**Prompt:**
Each line of the entries below that holds "start" is needed, copied in full.

Stored records

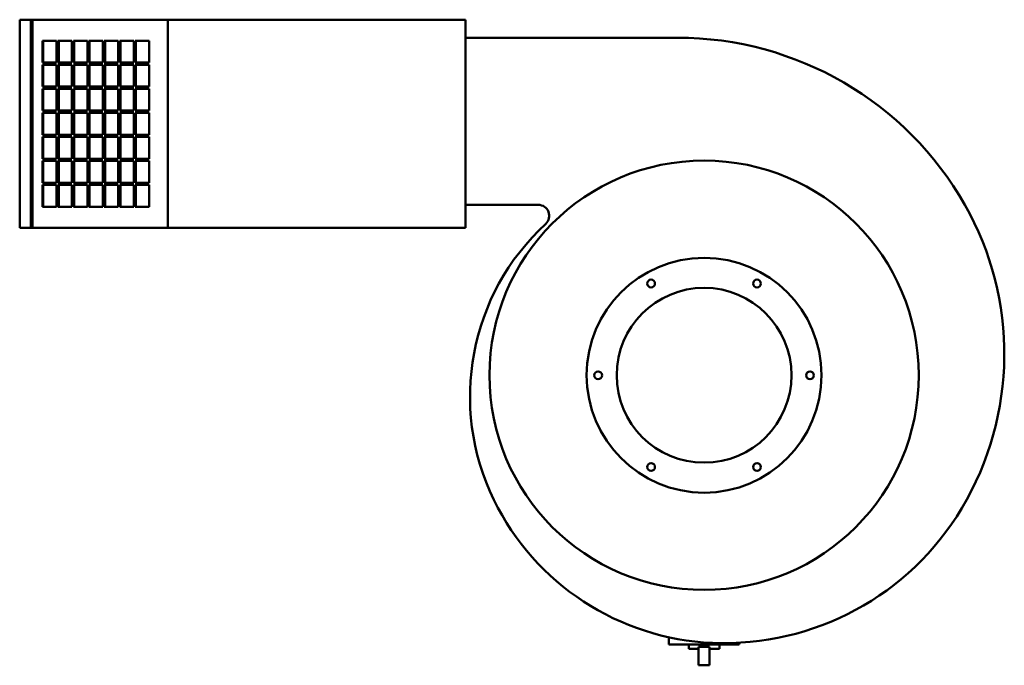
# Model space of a CAD drawing. Header units: millimetres. Extents: x 179 to 1081, y 150 to 741.
import ezdxf

# ---------------------------------------------------------------- set-up
doc = ezdxf.new("R2010")
doc.units = ezdxf.units.MM
doc.header["$LTSCALE"] = 3
doc.layers.add('Widoczne (ISO)', color=7, linetype='Continuous', lineweight=50)

msp = doc.modelspace()

# ---------------------------------------------------------------- linework, layer by layer
at = {"layer": 'Widoczne (ISO)'}
for p, q in [((179.34, 550.5), (179.34, 741)), ((179.34, 741), (189.41, 741)), ((189.41, 741), (189.41, 550.5)), ((190.93, 741), (189.41, 741)), ((190.93, 550.5), (190.93, 741)), ((190.93, 741), (314.91, 741)), ((587.34, 741), (314.91, 741)), ((314.91, 741), (314.91, 550.5)), ((587.34, 550.5), (587.34, 741)), ((200.18, 701.75), (200.18, 721.75)), ((200.18, 721.75), (213.03, 721.75)), ((200.95, 721.75), (200.95, 701.75)), ((213.03, 721.75), (213.03, 701.75)), ((214.32, 701.75), (214.32, 721.75)), ((214.32, 721.75), (227.18, 721.75)), ((215.09, 721.75), (215.09, 701.75)), ((227.18, 721.75), (227.18, 701.75)), ((228.46, 701.75), (228.46, 721.75)), ((228.46, 721.75), (241.32, 721.75)), ((229.23, 721.75), (229.23, 701.75)), ((241.32, 721.75), (241.32, 701.75)), ((242.6, 701.75), (242.6, 721.75)), ((242.6, 721.75), (255.46, 721.75)), ((243.37, 721.75), (243.37, 701.75)), ((255.46, 721.75), (255.46, 701.75)), ((256.74, 721.75), (269.6, 721.75)), ((256.74, 701.75), (256.74, 721.75)), ((257.51, 721.75), (257.51, 701.75)), ((269.6, 721.75), (269.6, 701.75)), ((270.89, 721.75), (283.74, 721.75)), ((270.89, 701.75), (270.89, 721.75)), ((271.65, 721.75), (271.65, 701.75)), ((283.74, 721.75), (283.74, 701.75)), ((285.03, 721.75), (297.88, 721.75)), ((285.03, 701.75), (285.03, 721.75)), ((285.79, 721.75), (285.79, 701.75)), ((297.88, 721.75), (297.88, 701.75)), ((587.34, 724.5), (781.49, 724.5)), ((213.03, 701.75), (200.18, 701.75)), ((200.18, 679.75), (200.18, 699.75)), ((200.18, 699.75), (213.03, 699.75)), ((200.95, 699.75), (200.95, 679.75)), ((213.03, 699.75), (213.03, 679.75)), ((227.18, 701.75), (214.32, 701.75)), ((214.32, 679.75), (214.32, 699.75)), ((214.32, 699.75), (227.18, 699.75)), ((215.09, 699.75), (215.09, 679.75)), ((227.18, 699.75), (227.18, 679.75)), ((241.32, 701.75), (228.46, 701.75)), ((228.46, 679.75), (228.46, 699.75)), ((228.46, 699.75), (241.32, 699.75)), ((229.23, 699.75), (229.23, 679.75)), ((241.32, 699.75), (241.32, 679.75)), ((255.46, 701.75), (242.6, 701.75)), ((242.6, 679.75), (242.6, 699.75)), ((242.6, 699.75), (255.46, 699.75)), ((243.37, 699.75), (243.37, 679.75)), ((255.46, 699.75), (255.46, 679.75)), ((269.6, 701.75), (256.74, 701.75)), ((256.74, 699.75), (269.6, 699.75)), ((256.74, 679.75), (256.74, 699.75)), ((257.51, 699.75), (257.51, 679.75)), ((269.6, 699.75), (269.6, 679.75)), ((283.74, 701.75), (270.89, 701.75)), ((270.89, 699.75), (283.74, 699.75)), ((270.89, 679.75), (270.89, 699.75)), ((271.65, 699.75), (271.65, 679.75)), ((283.74, 699.75), (283.74, 679.75)), ((297.88, 701.75), (285.03, 701.75)), ((285.03, 699.75), (297.88, 699.75)), ((285.03, 679.75), (285.03, 699.75)), ((285.79, 699.75), (285.79, 679.75)), ((297.88, 699.75), (297.88, 679.75)), ((213.03, 679.75), (200.18, 679.75)), ((200.18, 677.75), (213.03, 677.75)), ((200.18, 657.75), (200.18, 677.75)), ((200.95, 677.75), (200.95, 657.75)), ((213.03, 677.75), (213.03, 657.75)), ((227.18, 679.75), (214.32, 679.75)), ((214.32, 677.75), (227.18, 677.75)), ((214.32, 657.75), (214.32, 677.75)), ((215.09, 677.75), (215.09, 657.75)), ((227.18, 677.75), (227.18, 657.75)), ((241.32, 679.75), (228.46, 679.75)), ((228.46, 677.75), (241.32, 677.75)), ((228.46, 657.75), (228.46, 677.75)), ((229.23, 677.75), (229.23, 657.75)), ((241.32, 677.75), (241.32, 657.75)), ((255.46, 679.75), (242.6, 679.75)), ((242.6, 657.75), (242.6, 677.75)), ((242.6, 677.75), (255.46, 677.75)), ((243.37, 677.75), (243.37, 657.75)), ((255.46, 677.75), (255.46, 657.75)), ((269.6, 679.75), (256.74, 679.75)), ((256.74, 677.75), (269.6, 677.75)), ((256.74, 657.75), (256.74, 677.75)), ((257.51, 677.75), (257.51, 657.75)), ((269.6, 677.75), (269.6, 657.75)), ((283.74, 679.75), (270.89, 679.75)), ((270.89, 677.75), (283.74, 677.75)), ((270.89, 657.75), (270.89, 677.75)), ((271.65, 677.75), (271.65, 657.75)), ((283.74, 677.75), (283.74, 657.75)), ((297.88, 679.75), (285.03, 679.75)), ((285.03, 677.75), (297.88, 677.75)), ((285.03, 657.75), (285.03, 677.75)), ((285.79, 677.75), (285.79, 657.75)), ((297.88, 677.75), (297.88, 657.75)), ((213.03, 657.75), (200.18, 657.75)), ((200.18, 655.75), (213.03, 655.75)), ((200.18, 635.75), (200.18, 655.75)), ((200.95, 655.75), (200.95, 635.75)), ((213.03, 655.75), (213.03, 635.75)), ((227.18, 657.75), (214.32, 657.75)), ((214.32, 655.75), (227.18, 655.75)), ((214.32, 635.75), (214.32, 655.75)), ((215.09, 655.75), (215.09, 635.75)), ((227.18, 655.75), (227.18, 635.75)), ((241.32, 657.75), (228.46, 657.75)), ((228.46, 655.75), (241.32, 655.75)), ((228.46, 635.75), (228.46, 655.75)), ((229.23, 655.75), (229.23, 635.75)), ((241.32, 655.75), (241.32, 635.75)), ((255.46, 657.75), (242.6, 657.75)), ((242.6, 655.75), (255.46, 655.75)), ((242.6, 635.75), (242.6, 655.75)), ((243.37, 655.75), (243.37, 635.75)), ((255.46, 655.75), (255.46, 635.75)), ((269.6, 657.75), (256.74, 657.75)), ((256.74, 655.75), (269.6, 655.75)), ((256.74, 635.75), (256.74, 655.75)), ((257.51, 655.75), (257.51, 635.75)), ((269.6, 655.75), (269.6, 635.75)), ((283.74, 657.75), (270.89, 657.75)), ((270.89, 655.75), (283.74, 655.75)), ((270.89, 635.75), (270.89, 655.75)), ((271.65, 655.75), (271.65, 635.75)), ((283.74, 655.75), (283.74, 635.75)), ((297.88, 657.75), (285.03, 657.75)), ((285.03, 655.75), (297.88, 655.75)), ((285.03, 635.75), (285.03, 655.75)), ((285.79, 655.75), (285.79, 635.75)), ((297.88, 655.75), (297.88, 635.75)), ((213.03, 635.75), (200.18, 635.75)), ((200.18, 613.75), (200.18, 633.75)), ((200.18, 633.75), (213.03, 633.75)), ((200.95, 633.75), (200.95, 613.75)), ((213.03, 633.75), (213.03, 613.75)), ((227.18, 635.75), (214.32, 635.75)), ((214.32, 613.75), (214.32, 633.75)), ((214.32, 633.75), (227.18, 633.75)), ((215.09, 633.75), (215.09, 613.75)), ((227.18, 633.75), (227.18, 613.75)), ((241.32, 635.75), (228.46, 635.75)), ((228.46, 613.75), (228.46, 633.75)), ((228.46, 633.75), (241.32, 633.75)), ((229.23, 633.75), (229.23, 613.75)), ((241.32, 633.75), (241.32, 613.75)), ((255.46, 635.75), (242.6, 635.75)), ((242.6, 633.75), (255.46, 633.75)), ((242.6, 613.75), (242.6, 633.75)), ((243.37, 633.75), (243.37, 613.75)), ((255.46, 633.75), (255.46, 613.75)), ((269.6, 635.75), (256.74, 635.75)), ((256.74, 633.75), (269.6, 633.75)), ((256.74, 613.75), (256.74, 633.75)), ((257.51, 633.75), (257.51, 613.75)), ((269.6, 633.75), (269.6, 613.75)), ((283.74, 635.75), (270.89, 635.75)), ((270.89, 633.75), (283.74, 633.75)), ((270.89, 613.75), (270.89, 633.75)), ((271.65, 633.75), (271.65, 613.75)), ((283.74, 633.75), (283.74, 613.75)), ((297.88, 635.75), (285.03, 635.75)), ((285.03, 633.75), (297.88, 633.75)), ((285.03, 613.75), (285.03, 633.75)), ((285.79, 633.75), (285.79, 613.75)), ((297.88, 633.75), (297.88, 613.75)), ((213.03, 613.75), (200.18, 613.75)), ((227.18, 613.75), (214.32, 613.75)), ((241.32, 613.75), (228.46, 613.75)), ((255.46, 613.75), (242.6, 613.75)), ((269.6, 613.75), (256.74, 613.75)), ((283.74, 613.75), (270.89, 613.75)), ((297.88, 613.75), (285.03, 613.75)), ((200.18, 611.75), (213.03, 611.75)), ((200.18, 591.75), (200.18, 611.75)), ((200.95, 611.75), (200.95, 591.75)), ((213.03, 611.75), (213.03, 591.75)), ((214.32, 611.75), (227.18, 611.75)), ((214.32, 591.75), (214.32, 611.75)), ((215.09, 611.75), (215.09, 591.75)), ((227.18, 611.75), (227.18, 591.75)), ((228.46, 611.75), (241.32, 611.75)), ((228.46, 591.75), (228.46, 611.75)), ((229.23, 611.75), (229.23, 591.75)), ((241.32, 611.75), (241.32, 591.75)), ((242.6, 611.75), (255.46, 611.75)), ((242.6, 591.75), (242.6, 611.75)), ((243.37, 611.75), (243.37, 591.75)), ((255.46, 611.75), (255.46, 591.75)), ((256.74, 611.75), (269.6, 611.75)), ((256.74, 591.75), (256.74, 611.75)), ((257.51, 611.75), (257.51, 591.75)), ((269.6, 611.75), (269.6, 591.75)), ((270.89, 611.75), (283.74, 611.75)), ((270.89, 591.75), (270.89, 611.75)), ((271.65, 611.75), (271.65, 591.75)), ((283.74, 611.75), (283.74, 591.75)), ((285.03, 611.75), (297.88, 611.75)), ((285.03, 591.75), (285.03, 611.75)), ((285.79, 611.75), (285.79, 591.75)), ((297.88, 611.75), (297.88, 591.75)), ((213.03, 591.75), (200.18, 591.75)), ((200.18, 589.75), (213.03, 589.75)), ((200.18, 569.75), (200.18, 589.75)), ((200.95, 589.75), (200.95, 569.75)), ((213.03, 589.75), (213.03, 569.75)), ((227.18, 591.75), (214.32, 591.75)), ((214.32, 589.75), (227.18, 589.75)), ((214.32, 569.75), (214.32, 589.75)), ((215.09, 589.75), (215.09, 569.75)), ((227.18, 589.75), (227.18, 569.75)), ((241.32, 591.75), (228.46, 591.75)), ((228.46, 589.75), (241.32, 589.75)), ((228.46, 569.75), (228.46, 589.75)), ((229.23, 589.75), (229.23, 569.75)), ((241.32, 589.75), (241.32, 569.75)), ((255.46, 591.75), (242.6, 591.75)), ((242.6, 589.75), (255.46, 589.75)), ((242.6, 569.75), (242.6, 589.75)), ((243.37, 589.75), (243.37, 569.75)), ((255.46, 589.75), (255.46, 569.75)), ((269.6, 591.75), (256.74, 591.75)), ((256.74, 589.75), (269.6, 589.75)), ((256.74, 569.75), (256.74, 589.75)), ((257.51, 589.75), (257.51, 569.75)), ((269.6, 589.75), (269.6, 569.75)), ((283.74, 591.75), (270.89, 591.75)), ((270.89, 589.75), (283.74, 589.75)), ((270.89, 569.75), (270.89, 589.75)), ((271.65, 589.75), (271.65, 569.75)), ((283.74, 589.75), (283.74, 569.75)), ((297.88, 591.75), (285.03, 591.75)), ((285.03, 589.75), (297.88, 589.75)), ((285.03, 569.75), (285.03, 589.75)), ((285.79, 589.75), (285.79, 569.75)), ((297.88, 589.75), (297.88, 569.75)), ((213.03, 569.75), (200.18, 569.75)), ((227.18, 569.75), (214.32, 569.75)), ((241.32, 569.75), (228.46, 569.75)), ((255.46, 569.75), (242.6, 569.75)), ((269.6, 569.75), (256.74, 569.75)), ((283.74, 569.75), (270.89, 569.75)), ((297.88, 569.75), (285.03, 569.75)), ((654.09, 571.5), (587.34, 571.5)), ((189.41, 550.5), (179.34, 550.5)), ((189.41, 550.5), (190.93, 550.5)), ((314.91, 550.5), (190.93, 550.5)), ((587.34, 550.5), (314.91, 550.5)), ((773.59, 175.7), (773.59, 169)), ((773.59, 169), (838.09, 169)), ((791.84, 169), (791.84, 165)), ((800.84, 165), (791.84, 165)), ((810.84, 167), (800.84, 167)), ((800.84, 167), (800.84, 150)), ((810.84, 167), (810.84, 150)), ((819.84, 165), (810.84, 165)), ((819.84, 169), (819.84, 165)), ((838.09, 170.69), (838.09, 169)), ((800.84, 150), (810.84, 150))]:
    msp.add_line(p, q, dxfattribs=at)
for centre, radius in [((805.84, 415.5), 196.5), ((805.84, 415.5), 107.5), ((757.34, 499.5), 3.55), ((854.34, 499.5), 3.55), ((805.84, 415.5), 80), ((708.84, 415.5), 3.55), ((902.84, 415.5), 3.55), ((757.34, 331.5), 3.55), ((854.34, 331.5), 3.55)]:
    msp.add_circle(centre, radius, dxfattribs=at)
for centre, radius, start, end in [((781.49, 421.82), 302.68, 29.63812, 90), ((654.09, 561.5), 10, 312.68275, 90), ((804.85, 435.11), 275.81, 329.16689, 29.63812), ((806.77, 395.94), 215.22, 132.68275, 206.05308), ((823.42, 404.08), 233.75, 206.05308, 267.54277), ((824.26, 423.52), 253.21, 267.54277, 329.16689)]:
    msp.add_arc(centre, radius, start, end, dxfattribs=at)

doc.saveas('drawing.dxf')

**Result:**
for centre, radius, start, end in [((781.49, 421.82), 302.68, 29.63812, 90), ((654.09, 561.5), 10, 312.68275, 90), ((804.85, 435.11), 275.81, 329.16689, 29.63812), ((806.77, 395.94), 215.22, 132.68275, 206.05308), ((823.42, 404.08), 233.75, 206.05308, 267.54277), ((824.26, 423.52), 253.21, 267.54277, 329.16689)]:
    msp.add_arc(centre, radius, start, end, dxfattribs=at)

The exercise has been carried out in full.